Whitepaper: Is it possible to work comfortably on a tablet?

This whitepaper provides an introduction to healthy and smart working with the tablet. We tell you why a tablet is not actually made for long-term (business) use. We zoom in on the legislation and standards that exist around intensive tablet use. We also discuss the effects on people's health and performance. And finally, we offer you a handy decision aid for determining which tools best suit which type of tablet use. 
Whitepaper: Is it possible to work comfortably on a tablet?
Tablet as a tool
The tablet has outgrown the gadget phase. The business use of the tablet computer is now breaking through worldwide. More and more organizations see the benefits of equipping employees with the handy device. The result: the tablet or iPad is used much more intensively.

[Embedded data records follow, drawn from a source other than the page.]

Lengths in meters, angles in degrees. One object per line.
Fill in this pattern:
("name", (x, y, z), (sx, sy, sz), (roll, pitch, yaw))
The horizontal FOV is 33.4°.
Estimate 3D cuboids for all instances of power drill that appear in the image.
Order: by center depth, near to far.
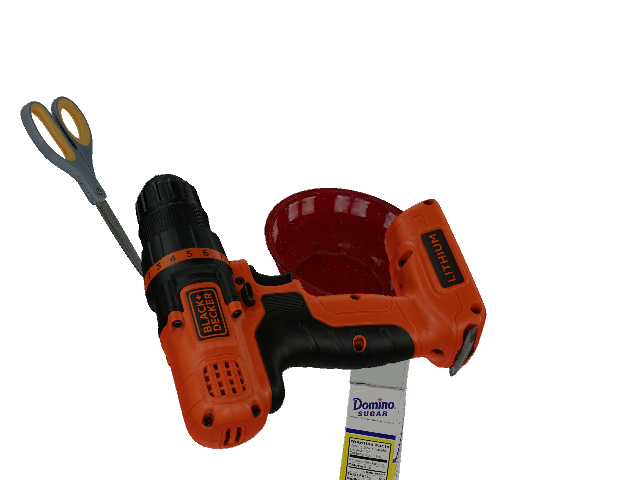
("power drill", (-0.010, 0.026, 0.638), (0.187, 0.184, 0.057), (-9, -34, -15))

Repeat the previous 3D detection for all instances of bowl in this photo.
("bowl", (0.023, 0.022, 0.994), (0.162, 0.055, 0.162), (9, 39, -8))

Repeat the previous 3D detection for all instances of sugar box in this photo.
("sugar box", (0.039, 0.157, 0.814), (0.048, 0.176, 0.093), (5, 26, 7))

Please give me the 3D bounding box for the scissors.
("scissors", (-0.224, -0.063, 1.065), (0.016, 0.201, 0.096), (-25, 27, 24))
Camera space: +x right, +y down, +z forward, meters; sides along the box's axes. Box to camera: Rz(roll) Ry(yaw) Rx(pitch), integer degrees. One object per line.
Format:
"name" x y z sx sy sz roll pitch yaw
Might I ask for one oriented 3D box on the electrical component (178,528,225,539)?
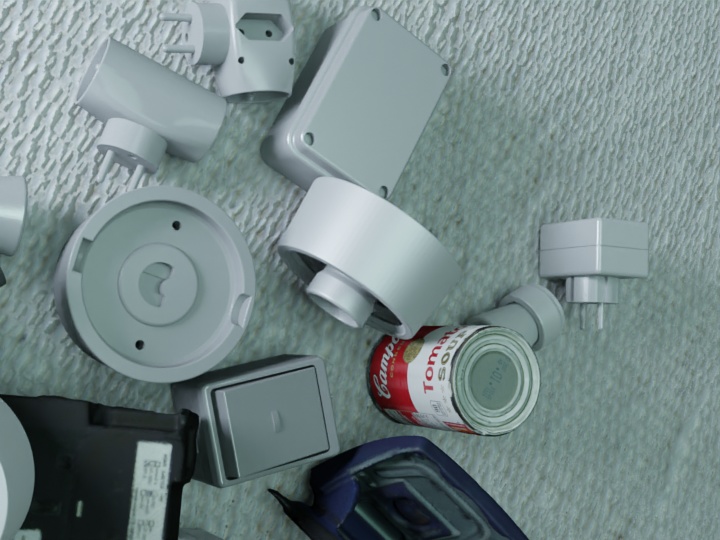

Many employees find the tablet useful not only to take to meetings or to read reports, but nowadays also type long e-mails or even entire reports on it. The issue: tablets are ergonomically not at all suitable for performing those kinds of elaborate tasks. But with the right aids you prevent physical overload that causes uncomfortable tablet use.
Why is tablet use not (always) healthy?
Business tablet use often involves more than watching videos and surfing the Internet. Activities such as answering e-mails and writing texts are rather comparable to what one is used to doing on a computer. And just as it applies to a laptop: working for a long time with a tablet is really only healthy and comfortable when using appropriate aids.

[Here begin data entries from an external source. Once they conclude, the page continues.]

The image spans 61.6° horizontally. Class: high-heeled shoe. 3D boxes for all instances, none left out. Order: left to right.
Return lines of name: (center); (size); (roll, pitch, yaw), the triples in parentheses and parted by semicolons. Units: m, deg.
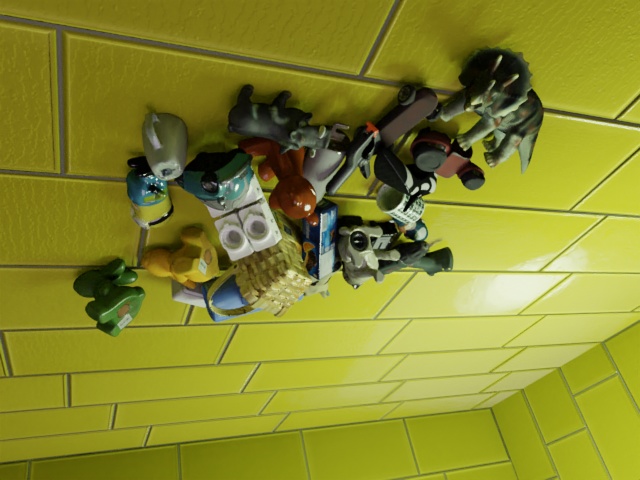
high-heeled shoe: (0.197, -0.160, 1.149); (0.145, 0.086, 0.248); (-55, 148, -13)

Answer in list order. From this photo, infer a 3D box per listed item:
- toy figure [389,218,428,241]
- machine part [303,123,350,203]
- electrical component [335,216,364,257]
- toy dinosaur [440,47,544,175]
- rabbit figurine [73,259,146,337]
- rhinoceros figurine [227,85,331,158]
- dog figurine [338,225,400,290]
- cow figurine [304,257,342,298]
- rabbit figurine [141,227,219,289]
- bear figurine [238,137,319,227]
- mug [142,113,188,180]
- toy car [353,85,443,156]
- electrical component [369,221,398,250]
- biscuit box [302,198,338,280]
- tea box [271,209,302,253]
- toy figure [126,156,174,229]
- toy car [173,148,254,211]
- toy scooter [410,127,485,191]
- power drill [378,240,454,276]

As the image on the right shows, laying a tablet flat on a table causes one to automatically bend over. This leads to additional strain on the neck and shoulders. A healthy working posture is only achieved when the screen is placed higher. (Prolonged) typing on a touchscreen also leads to an increase in muscle tension in the shoulder and neck; especially when the arms are lifted while typing or mousing on the tablet. In addition, the tactile and auditory feedback is barely noticeable when typing on a tablet. Using an external keyboard provides appropriate feedback and posture, increasing comfort and productivity.
Health effects
Various studies have shown that the strain on the neck and shoulders is extra great when working with a tablet. There are three ways to reduce that extra pressure.
Position the tablet higher and at an angle to improve both neck posture and viewing angle. The recent study by Young et al. (2012) concludes that using a tablet leads to greater neck flexion, compared to using a laptop or desktop computer.

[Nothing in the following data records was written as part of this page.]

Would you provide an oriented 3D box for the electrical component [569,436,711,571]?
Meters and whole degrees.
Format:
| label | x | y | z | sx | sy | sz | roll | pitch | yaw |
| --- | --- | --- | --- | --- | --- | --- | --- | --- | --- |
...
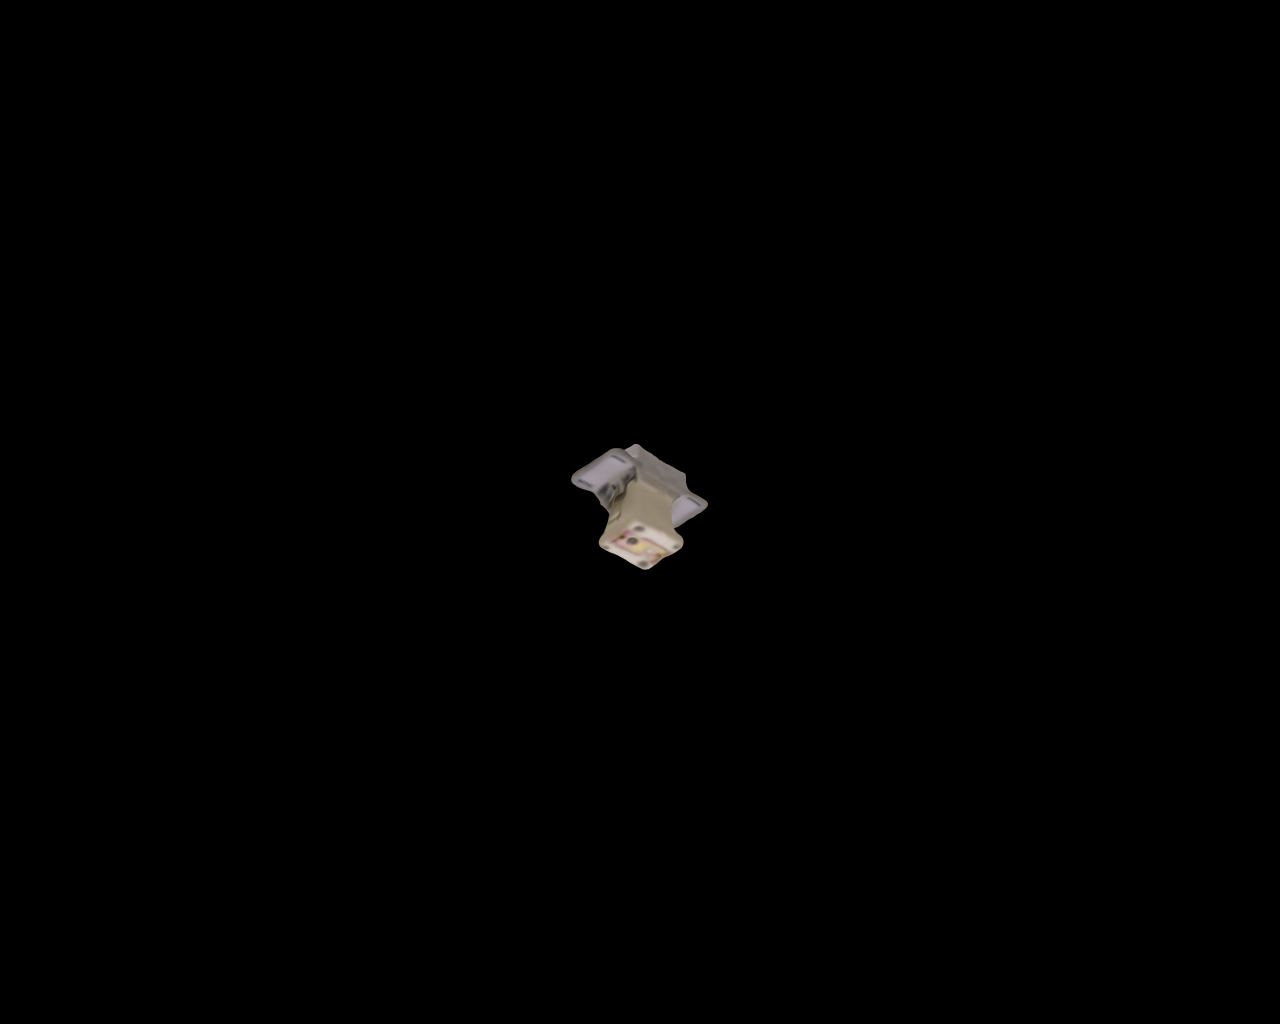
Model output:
| label | x | y | z | sx | sy | sz | roll | pitch | yaw |
| --- | --- | --- | --- | --- | --- | --- | --- | --- | --- |
| electrical component | 0.001 | -0.003 | 0.650 | 0.081 | 0.064 | 0.042 | 29 | -46 | -33 |
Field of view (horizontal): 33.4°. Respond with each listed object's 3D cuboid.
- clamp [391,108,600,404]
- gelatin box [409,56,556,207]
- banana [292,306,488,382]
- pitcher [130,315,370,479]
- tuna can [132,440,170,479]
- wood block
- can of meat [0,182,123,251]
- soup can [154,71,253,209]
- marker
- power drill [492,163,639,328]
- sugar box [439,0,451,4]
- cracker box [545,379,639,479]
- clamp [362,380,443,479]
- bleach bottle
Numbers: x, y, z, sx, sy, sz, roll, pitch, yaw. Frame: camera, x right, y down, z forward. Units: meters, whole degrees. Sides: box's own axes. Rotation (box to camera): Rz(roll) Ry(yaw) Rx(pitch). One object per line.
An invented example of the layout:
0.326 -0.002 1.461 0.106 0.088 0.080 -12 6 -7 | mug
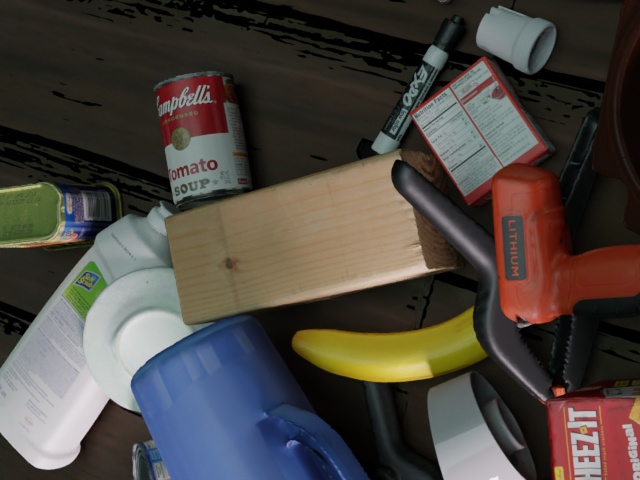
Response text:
0.155 0.015 0.753 0.164 0.036 0.210 -22 100 -10 | clamp
0.121 -0.081 0.799 0.073 0.030 0.089 -37 74 23 | gelatin box
0.077 0.071 0.804 0.198 0.037 0.069 -22 75 11 | banana
-0.033 0.177 0.773 0.149 0.145 0.243 -30 81 5 | pitcher
-0.131 0.209 0.893 0.086 0.033 0.086 172 90 -70 | tuna can
-0.006 0.001 0.828 0.206 0.090 0.091 -14 84 25 | wood block
-0.241 -0.022 0.949 0.102 0.083 0.057 -6 87 26 | can of meat
-0.097 -0.081 0.888 0.069 0.068 0.102 -13 84 26 | soup can
0.077 -0.120 0.828 0.020 0.020 0.121 35 105 23 | marker
0.197 -0.012 0.646 0.188 0.057 0.184 2 98 42 | power drill
0.120 -0.274 0.795 0.176 0.048 0.093 -47 70 22 | sugar box
0.263 0.121 0.650 0.214 0.164 0.072 -6 84 26 | cracker box
0.043 0.190 0.830 0.120 0.039 0.171 -44 65 26 | clamp
-0.193 0.076 0.937 0.103 0.068 0.251 42 104 17 | bleach bottle

Go for a tilt angle of 45º. Display users  appear to have a clear preference for this angle, according to research by Albin & McLoone (2007). A wider angle is difficult when tapping the screen. At a smaller angle, it is less pleasant to read from the screen. Tilting the tablet also has a favorable effect on the neck posture because there is less neck reflection.

Use a separate keyboard and mouse (if possible) if the tablet is typing a lot. According to Gwanseob Shin and Xinhui Zhu (2011), typing on a touchscreen leads to a significant increase in the perceived discomfort in the shoulder, neck and fingers. In their study, they also discovered an increase in muscle tension in the shoulder and neck, especially when the arms are lifted while typing or moused on the tablet without a separate keyboard or mouse.
Performance Effects
The tablet is very suitable for going through information or surfing the Internet on the go. However, the handy device is less suitable for typing many or longer texts. Typing on a tablet is much slower than typing on a regular keyboard (Chaparro 2010). The users in Chaparro's study did not yet have much experience typing on a tablet, so they might have been faster if they were more experienced. Nevertheless, it is unlikely that you can type faster with a tablet than with a conventional keyboard. The reason for this is that getting tactile and auditory feedback while typing is of great importance. A tablet offers neither type of feedback while typing. And without clear feedback, you simply make more mistakes while typing (Feuerstein, 1997; Yoshitake, 1995).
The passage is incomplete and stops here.